The nature of the enterprise has changed completely with the influence of digital, cloud and the Fourth Industrial Revolution (4IR), and success is reliant on strategic change.

There is a lot more ownership and transparency throughout the organisation and there is a responsibility that comes with that – employees want access to information, there has to be speed in knowledge, transactions and engagement,” he adds. “To ensure that the organisation evolves alongside digital and demand, it has to follow five very clear pathways to long-term, achievable success.

The first of these is to evaluate where the enterprise sits right now in terms of its digital journey. This will differ by organisation size and industry, as well as its reliance on technology. A smaller organisation that only needs a basic accounting function or the internet for email will have far different considerations to a small organisation that requires high-end technology to manage hedge funds or drive cloud solutions. The same comparisons apply to the enterprise-level organisation. The mining sector will have a completely different sub-set of technology requirements and infrastructure limitations to the retail or finance sectors.

Ultimately, every organisation, regardless of size or industry, is reliant on technology to grow or deliver customer service, but their digital transformation requirements are different. To ensure that investment into artificial intelligence (AI), machine learning, knowledge engines, automation and connectivity are accurately placed within the business and know exactly where the business is going.

The second step is to examine what the business wants to achieve. Again, the goals of the organisation over the long and short term will be entirely sector dependent, but it is essential that it examine what the competitive environment looks like and what influences customer expectations. This understanding will allow for the business to hone its digital requirements accordingly.

The third step is to match expectations to reality. You need to see how you can move your digital transformation strategy forward and what areas require prioritisation, what funding models will support your digital aspirations, and how this tie into what the market wants. Ultimately, every step of the process has to be prioritised to ensure it maps back to where you are and the strategic steps that will take you to where you want to go.

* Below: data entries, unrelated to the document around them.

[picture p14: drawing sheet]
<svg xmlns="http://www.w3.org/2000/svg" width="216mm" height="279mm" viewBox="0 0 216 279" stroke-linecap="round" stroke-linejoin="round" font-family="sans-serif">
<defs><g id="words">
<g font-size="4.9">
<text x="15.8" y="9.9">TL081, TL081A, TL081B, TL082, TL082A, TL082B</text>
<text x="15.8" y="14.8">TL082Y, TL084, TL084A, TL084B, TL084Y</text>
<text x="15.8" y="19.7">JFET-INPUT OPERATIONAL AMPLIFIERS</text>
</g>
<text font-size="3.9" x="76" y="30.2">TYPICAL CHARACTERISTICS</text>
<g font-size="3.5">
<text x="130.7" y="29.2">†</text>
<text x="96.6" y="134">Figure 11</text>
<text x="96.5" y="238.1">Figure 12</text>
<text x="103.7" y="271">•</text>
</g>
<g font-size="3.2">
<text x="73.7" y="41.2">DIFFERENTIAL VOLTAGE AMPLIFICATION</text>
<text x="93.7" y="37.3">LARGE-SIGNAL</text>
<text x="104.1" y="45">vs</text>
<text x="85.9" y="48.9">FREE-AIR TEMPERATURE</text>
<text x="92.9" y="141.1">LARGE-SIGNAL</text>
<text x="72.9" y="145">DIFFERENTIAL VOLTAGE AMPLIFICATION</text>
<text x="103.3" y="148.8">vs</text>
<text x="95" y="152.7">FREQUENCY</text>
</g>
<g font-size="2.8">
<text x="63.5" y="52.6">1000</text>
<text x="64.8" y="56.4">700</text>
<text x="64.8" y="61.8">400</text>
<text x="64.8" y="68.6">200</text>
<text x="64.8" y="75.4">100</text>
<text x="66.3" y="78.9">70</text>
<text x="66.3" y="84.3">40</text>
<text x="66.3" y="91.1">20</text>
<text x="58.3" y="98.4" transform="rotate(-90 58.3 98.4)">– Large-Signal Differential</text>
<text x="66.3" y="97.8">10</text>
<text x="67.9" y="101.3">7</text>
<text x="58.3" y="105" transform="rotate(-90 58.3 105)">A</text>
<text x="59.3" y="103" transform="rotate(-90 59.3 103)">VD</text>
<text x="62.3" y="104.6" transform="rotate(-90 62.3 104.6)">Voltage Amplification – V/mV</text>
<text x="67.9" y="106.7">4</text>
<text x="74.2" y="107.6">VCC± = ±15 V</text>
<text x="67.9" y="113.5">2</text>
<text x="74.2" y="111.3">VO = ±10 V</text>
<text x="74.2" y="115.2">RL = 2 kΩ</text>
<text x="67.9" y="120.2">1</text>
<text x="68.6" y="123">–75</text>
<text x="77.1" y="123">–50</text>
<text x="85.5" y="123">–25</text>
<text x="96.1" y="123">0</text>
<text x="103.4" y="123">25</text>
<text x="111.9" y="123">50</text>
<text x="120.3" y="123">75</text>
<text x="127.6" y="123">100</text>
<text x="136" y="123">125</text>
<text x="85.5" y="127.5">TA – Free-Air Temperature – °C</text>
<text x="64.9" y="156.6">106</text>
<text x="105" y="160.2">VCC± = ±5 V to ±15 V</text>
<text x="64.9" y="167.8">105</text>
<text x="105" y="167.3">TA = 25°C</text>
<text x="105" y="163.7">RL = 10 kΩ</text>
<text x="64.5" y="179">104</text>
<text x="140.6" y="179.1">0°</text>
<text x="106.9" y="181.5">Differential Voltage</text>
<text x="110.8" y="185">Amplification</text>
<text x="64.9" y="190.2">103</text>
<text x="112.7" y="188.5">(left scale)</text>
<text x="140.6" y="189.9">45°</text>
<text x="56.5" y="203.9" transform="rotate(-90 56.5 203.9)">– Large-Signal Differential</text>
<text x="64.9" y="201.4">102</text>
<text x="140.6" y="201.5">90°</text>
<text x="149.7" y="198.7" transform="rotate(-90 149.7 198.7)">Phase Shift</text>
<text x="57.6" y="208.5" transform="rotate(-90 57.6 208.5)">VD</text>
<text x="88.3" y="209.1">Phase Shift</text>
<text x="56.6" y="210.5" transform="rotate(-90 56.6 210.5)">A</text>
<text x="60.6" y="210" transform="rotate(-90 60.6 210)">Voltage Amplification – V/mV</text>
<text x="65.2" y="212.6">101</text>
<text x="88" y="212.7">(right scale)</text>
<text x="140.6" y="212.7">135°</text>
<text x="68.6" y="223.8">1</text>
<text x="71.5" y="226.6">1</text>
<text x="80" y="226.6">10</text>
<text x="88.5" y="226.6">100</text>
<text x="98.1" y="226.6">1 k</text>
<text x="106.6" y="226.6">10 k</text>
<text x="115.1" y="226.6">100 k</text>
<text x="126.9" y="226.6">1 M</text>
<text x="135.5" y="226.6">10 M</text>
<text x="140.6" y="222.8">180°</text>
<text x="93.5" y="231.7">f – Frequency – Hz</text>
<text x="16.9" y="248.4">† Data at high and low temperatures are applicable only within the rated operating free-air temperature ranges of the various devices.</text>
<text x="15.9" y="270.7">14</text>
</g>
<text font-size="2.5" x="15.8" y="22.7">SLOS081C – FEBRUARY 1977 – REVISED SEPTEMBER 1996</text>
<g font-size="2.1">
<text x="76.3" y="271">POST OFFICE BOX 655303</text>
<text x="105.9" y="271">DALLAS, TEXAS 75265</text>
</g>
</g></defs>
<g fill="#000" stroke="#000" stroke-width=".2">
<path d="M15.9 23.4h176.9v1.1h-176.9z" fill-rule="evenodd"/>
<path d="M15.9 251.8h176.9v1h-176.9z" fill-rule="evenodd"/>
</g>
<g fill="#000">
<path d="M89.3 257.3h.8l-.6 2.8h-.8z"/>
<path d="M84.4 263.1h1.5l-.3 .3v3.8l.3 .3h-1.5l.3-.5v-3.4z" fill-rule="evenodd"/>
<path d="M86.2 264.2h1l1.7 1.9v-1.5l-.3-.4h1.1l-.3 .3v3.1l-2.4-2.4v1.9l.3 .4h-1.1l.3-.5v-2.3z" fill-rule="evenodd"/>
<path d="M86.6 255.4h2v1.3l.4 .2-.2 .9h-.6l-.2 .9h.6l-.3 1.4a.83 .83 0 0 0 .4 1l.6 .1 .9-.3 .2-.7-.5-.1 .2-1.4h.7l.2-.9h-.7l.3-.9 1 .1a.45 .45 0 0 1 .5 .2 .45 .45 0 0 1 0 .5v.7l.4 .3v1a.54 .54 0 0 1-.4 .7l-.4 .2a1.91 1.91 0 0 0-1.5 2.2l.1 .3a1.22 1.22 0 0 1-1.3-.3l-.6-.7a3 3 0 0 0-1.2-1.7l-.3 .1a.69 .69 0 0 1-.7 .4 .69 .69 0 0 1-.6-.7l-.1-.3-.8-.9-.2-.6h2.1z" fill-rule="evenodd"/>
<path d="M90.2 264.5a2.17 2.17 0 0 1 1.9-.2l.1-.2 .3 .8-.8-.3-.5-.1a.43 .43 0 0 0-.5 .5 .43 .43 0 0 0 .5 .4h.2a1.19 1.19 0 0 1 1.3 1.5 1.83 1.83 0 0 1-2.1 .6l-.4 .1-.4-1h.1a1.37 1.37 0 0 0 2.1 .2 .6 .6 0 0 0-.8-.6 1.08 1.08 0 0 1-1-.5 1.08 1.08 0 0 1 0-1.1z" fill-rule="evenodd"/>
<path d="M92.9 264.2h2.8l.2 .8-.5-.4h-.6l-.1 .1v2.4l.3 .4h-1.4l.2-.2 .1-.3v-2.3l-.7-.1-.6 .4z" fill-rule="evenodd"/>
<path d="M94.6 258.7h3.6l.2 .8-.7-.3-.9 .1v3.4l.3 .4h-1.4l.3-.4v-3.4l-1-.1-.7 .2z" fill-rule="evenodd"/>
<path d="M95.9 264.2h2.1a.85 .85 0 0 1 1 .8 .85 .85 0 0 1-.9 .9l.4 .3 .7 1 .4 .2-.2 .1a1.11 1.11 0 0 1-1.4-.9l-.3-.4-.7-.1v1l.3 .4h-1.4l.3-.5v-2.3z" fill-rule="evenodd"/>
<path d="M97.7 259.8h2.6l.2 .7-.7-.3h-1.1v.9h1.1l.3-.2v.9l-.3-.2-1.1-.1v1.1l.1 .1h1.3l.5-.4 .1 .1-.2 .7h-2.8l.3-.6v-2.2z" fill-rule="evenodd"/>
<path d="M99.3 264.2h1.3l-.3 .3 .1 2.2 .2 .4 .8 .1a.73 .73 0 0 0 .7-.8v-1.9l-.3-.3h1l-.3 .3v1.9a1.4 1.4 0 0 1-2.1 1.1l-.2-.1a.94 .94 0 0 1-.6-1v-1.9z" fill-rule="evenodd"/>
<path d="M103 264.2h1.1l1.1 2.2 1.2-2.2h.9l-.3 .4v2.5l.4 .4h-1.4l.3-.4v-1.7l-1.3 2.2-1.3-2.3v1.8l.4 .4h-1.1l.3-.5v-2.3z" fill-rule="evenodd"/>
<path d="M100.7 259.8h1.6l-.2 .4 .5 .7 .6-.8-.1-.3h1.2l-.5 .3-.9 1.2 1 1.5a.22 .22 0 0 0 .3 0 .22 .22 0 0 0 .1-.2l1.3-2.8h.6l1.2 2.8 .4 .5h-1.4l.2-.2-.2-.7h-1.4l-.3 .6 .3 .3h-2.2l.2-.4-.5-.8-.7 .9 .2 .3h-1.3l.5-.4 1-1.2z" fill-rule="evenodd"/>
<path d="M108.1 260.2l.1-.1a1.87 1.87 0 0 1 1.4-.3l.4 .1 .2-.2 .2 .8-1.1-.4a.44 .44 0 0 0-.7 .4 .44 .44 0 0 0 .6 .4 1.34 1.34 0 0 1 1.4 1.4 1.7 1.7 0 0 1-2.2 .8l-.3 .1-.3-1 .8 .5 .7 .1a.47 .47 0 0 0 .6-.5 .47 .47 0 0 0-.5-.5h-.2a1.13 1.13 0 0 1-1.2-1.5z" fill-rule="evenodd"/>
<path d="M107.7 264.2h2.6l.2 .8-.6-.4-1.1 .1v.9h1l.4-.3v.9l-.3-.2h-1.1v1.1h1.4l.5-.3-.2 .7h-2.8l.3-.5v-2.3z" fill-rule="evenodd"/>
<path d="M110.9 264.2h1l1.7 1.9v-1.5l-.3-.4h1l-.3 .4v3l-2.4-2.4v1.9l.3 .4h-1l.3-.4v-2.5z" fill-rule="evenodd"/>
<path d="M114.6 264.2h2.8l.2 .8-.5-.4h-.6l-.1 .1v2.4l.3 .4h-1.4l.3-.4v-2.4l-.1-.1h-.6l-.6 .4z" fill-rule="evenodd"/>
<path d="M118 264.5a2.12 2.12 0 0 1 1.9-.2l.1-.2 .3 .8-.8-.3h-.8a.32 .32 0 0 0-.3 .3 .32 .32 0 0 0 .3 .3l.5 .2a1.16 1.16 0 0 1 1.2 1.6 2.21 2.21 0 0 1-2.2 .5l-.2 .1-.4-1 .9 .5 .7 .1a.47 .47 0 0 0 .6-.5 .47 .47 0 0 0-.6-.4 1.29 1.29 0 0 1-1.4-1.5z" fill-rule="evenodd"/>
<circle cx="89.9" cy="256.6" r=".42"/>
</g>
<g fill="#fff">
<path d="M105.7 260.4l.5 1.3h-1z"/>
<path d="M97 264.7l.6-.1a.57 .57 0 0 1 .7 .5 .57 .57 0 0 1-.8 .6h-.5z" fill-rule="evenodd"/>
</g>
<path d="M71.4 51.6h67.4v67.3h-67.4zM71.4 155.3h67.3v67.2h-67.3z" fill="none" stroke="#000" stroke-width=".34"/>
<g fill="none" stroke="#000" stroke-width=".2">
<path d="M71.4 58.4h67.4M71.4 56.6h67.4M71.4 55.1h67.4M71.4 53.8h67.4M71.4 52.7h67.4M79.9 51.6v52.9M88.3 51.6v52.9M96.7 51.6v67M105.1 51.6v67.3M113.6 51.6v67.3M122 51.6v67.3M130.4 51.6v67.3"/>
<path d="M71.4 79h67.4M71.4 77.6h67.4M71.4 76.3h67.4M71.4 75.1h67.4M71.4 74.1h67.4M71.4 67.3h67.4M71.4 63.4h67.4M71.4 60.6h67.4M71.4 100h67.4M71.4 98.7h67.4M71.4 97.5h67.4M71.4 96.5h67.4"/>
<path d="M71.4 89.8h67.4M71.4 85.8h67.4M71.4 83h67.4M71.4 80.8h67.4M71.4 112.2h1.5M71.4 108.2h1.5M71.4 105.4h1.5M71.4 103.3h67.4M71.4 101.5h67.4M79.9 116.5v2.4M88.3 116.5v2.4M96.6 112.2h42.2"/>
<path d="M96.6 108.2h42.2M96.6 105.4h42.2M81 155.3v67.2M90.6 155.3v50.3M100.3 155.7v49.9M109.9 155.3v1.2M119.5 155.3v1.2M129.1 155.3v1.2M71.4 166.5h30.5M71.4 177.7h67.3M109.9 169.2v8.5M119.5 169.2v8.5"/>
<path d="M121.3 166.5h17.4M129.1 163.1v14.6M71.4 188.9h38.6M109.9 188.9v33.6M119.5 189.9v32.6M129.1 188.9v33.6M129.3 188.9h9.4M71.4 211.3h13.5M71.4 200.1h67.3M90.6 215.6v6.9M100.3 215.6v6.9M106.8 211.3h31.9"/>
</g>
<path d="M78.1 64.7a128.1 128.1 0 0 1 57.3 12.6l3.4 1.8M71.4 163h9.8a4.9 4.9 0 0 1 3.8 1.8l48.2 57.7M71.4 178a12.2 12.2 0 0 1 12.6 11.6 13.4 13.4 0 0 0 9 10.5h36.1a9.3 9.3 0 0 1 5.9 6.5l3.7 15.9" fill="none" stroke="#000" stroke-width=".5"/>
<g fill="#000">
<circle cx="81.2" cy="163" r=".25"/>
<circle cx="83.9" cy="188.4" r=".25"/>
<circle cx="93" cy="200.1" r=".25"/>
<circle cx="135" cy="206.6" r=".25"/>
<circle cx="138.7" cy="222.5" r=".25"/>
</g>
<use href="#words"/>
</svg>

The fourth step is to look at the operational side of the process. This is as critical as any other aspect of the transformation strategy as it maps budget to skills to infrastructure in such a way as to ensure that any project delivers return on investment. Budget and funding are always top of mind when it comes to digital transformation – these are understandably key issues for the business. How will it benefit from the investment? How will it influence the customer experience? What impact will this have on the ongoing bottom line? These questions tie neatly into the fifth step in the process – the feedback loop.

This is often the forgotten step, but it is the most important. The feedback loop is critical to ensuring that the digital transformation process is achieving the right results, that the right metrics are in place, and that the needle is moving in the right direction. It is within this feedback loop that the organisation can consistently refine the process to ensure that it moves to each successive step with the right metrics in place.

There is also one final element that every organisation should have in place throughout its digital evolution. An element that many overlook – engagement. There must be a real desire to change, from the top of the organisation right down to the bottom, and an understanding of what it means to undertake this change and why it is essential. This is why this will be a key discussion at the 2019 IDC South Africa CIO Summit taking place in April this year. With this in place, the five steps to digital transformation will make sense and deliver the right results.